Would you copy the entries that follow exactly, leaving out every picture?

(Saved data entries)
--- START ---

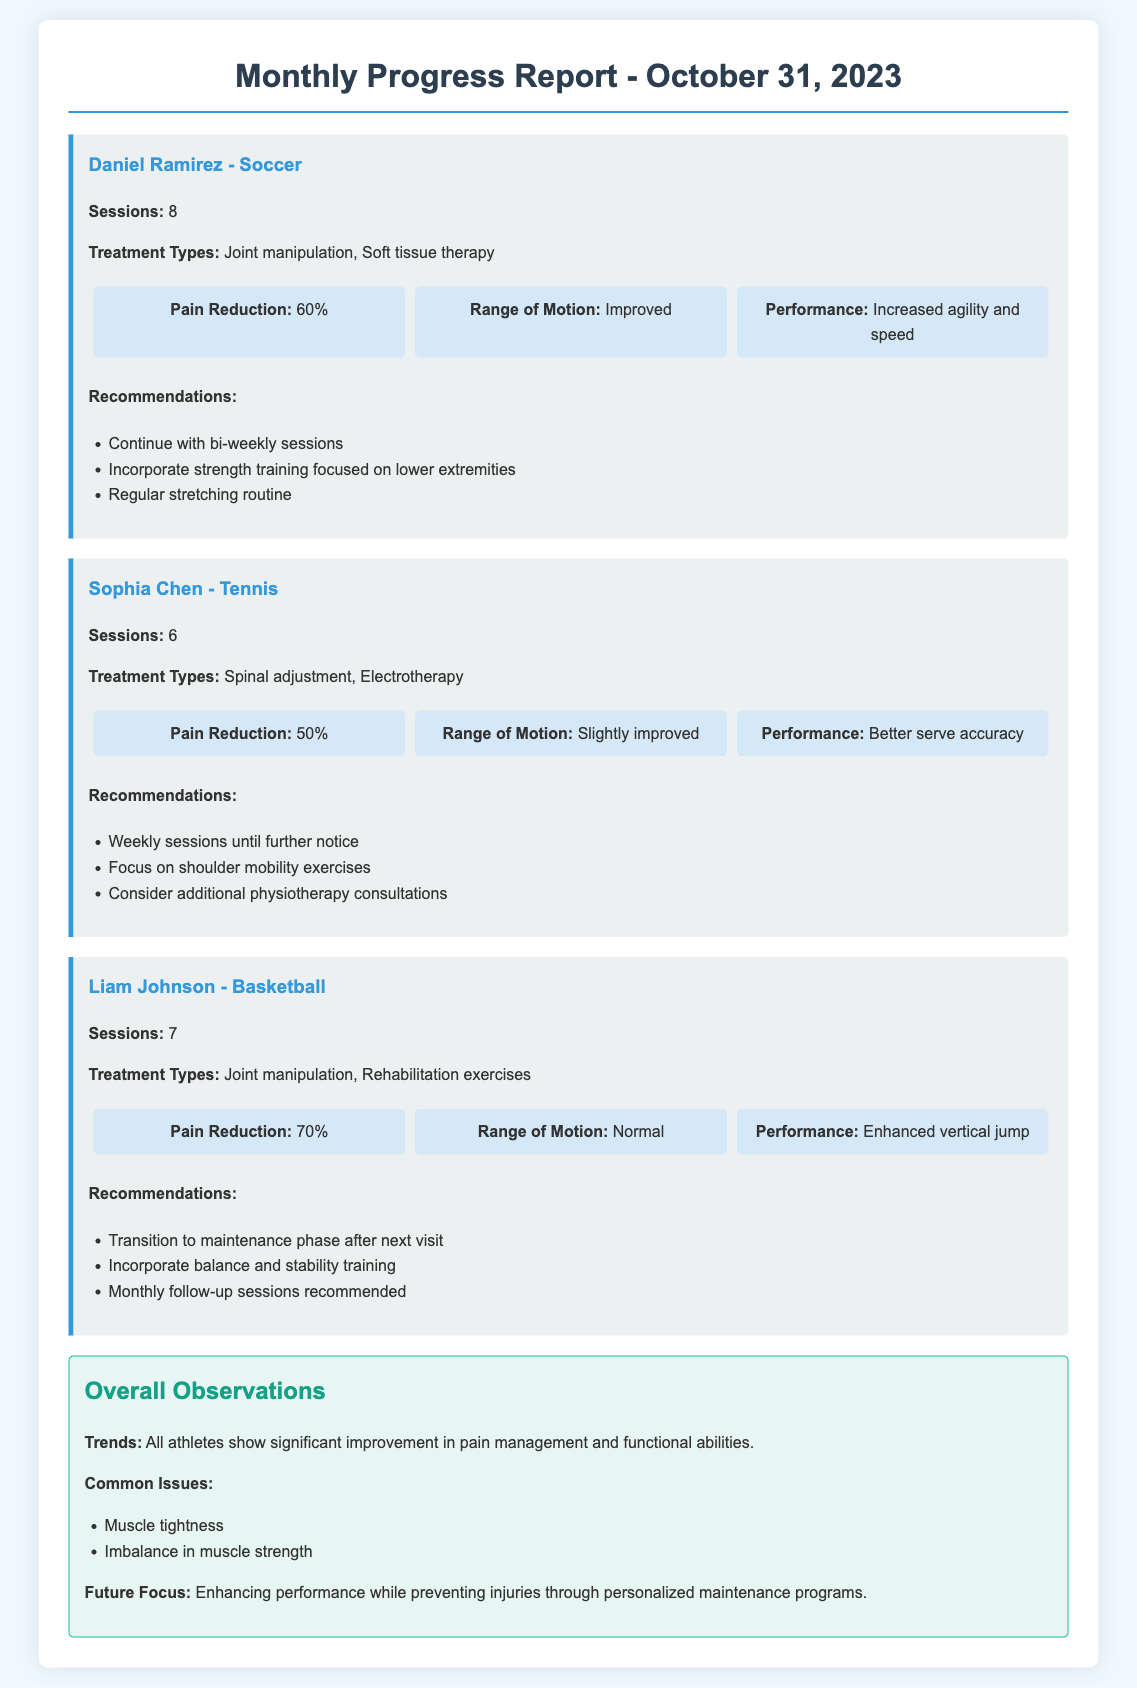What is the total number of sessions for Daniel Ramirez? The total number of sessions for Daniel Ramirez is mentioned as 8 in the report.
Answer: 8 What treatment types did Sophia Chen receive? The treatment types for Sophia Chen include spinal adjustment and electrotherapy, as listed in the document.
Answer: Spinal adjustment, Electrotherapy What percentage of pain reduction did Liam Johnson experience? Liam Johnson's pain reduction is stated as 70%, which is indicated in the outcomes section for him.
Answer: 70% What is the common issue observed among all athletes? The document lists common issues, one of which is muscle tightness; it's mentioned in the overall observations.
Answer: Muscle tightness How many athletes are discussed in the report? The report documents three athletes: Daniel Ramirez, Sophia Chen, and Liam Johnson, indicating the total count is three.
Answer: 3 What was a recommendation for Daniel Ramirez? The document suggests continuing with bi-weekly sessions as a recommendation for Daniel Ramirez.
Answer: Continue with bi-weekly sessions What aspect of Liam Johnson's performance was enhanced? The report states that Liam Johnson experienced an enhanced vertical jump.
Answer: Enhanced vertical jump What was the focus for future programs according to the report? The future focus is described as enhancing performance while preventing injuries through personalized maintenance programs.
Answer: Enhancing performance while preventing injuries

--- END ---

* **Exercise response**:
What is the total number of sessions for Daniel Ramirez? The total number of sessions for Daniel Ramirez is mentioned as 8 in the report.
Answer: 8 What treatment types did Sophia Chen receive? The treatment types for Sophia Chen include spinal adjustment and electrotherapy, as listed in the document.
Answer: Spinal adjustment, Electrotherapy What percentage of pain reduction did Liam Johnson experience? Liam Johnson's pain reduction is stated as 70%, which is indicated in the outcomes section for him.
Answer: 70% What is the common issue observed among all athletes? The document lists common issues, one of which is muscle tightness; it's mentioned in the overall observations.
Answer: Muscle tightness How many athletes are discussed in the report? The report documents three athletes: Daniel Ramirez, Sophia Chen, and Liam Johnson, indicating the total count is three.
Answer: 3 What was a recommendation for Daniel Ramirez? The document suggests continuing with bi-weekly sessions as a recommendation for Daniel Ramirez.
Answer: Continue with bi-weekly sessions What aspect of Liam Johnson's performance was enhanced? The report states that Liam Johnson experienced an enhanced vertical jump.
Answer: Enhanced vertical jump What was the focus for future programs according to the report? The future focus is described as enhancing performance while preventing injuries through personalized maintenance programs.
Answer: Enhancing performance while preventing injuries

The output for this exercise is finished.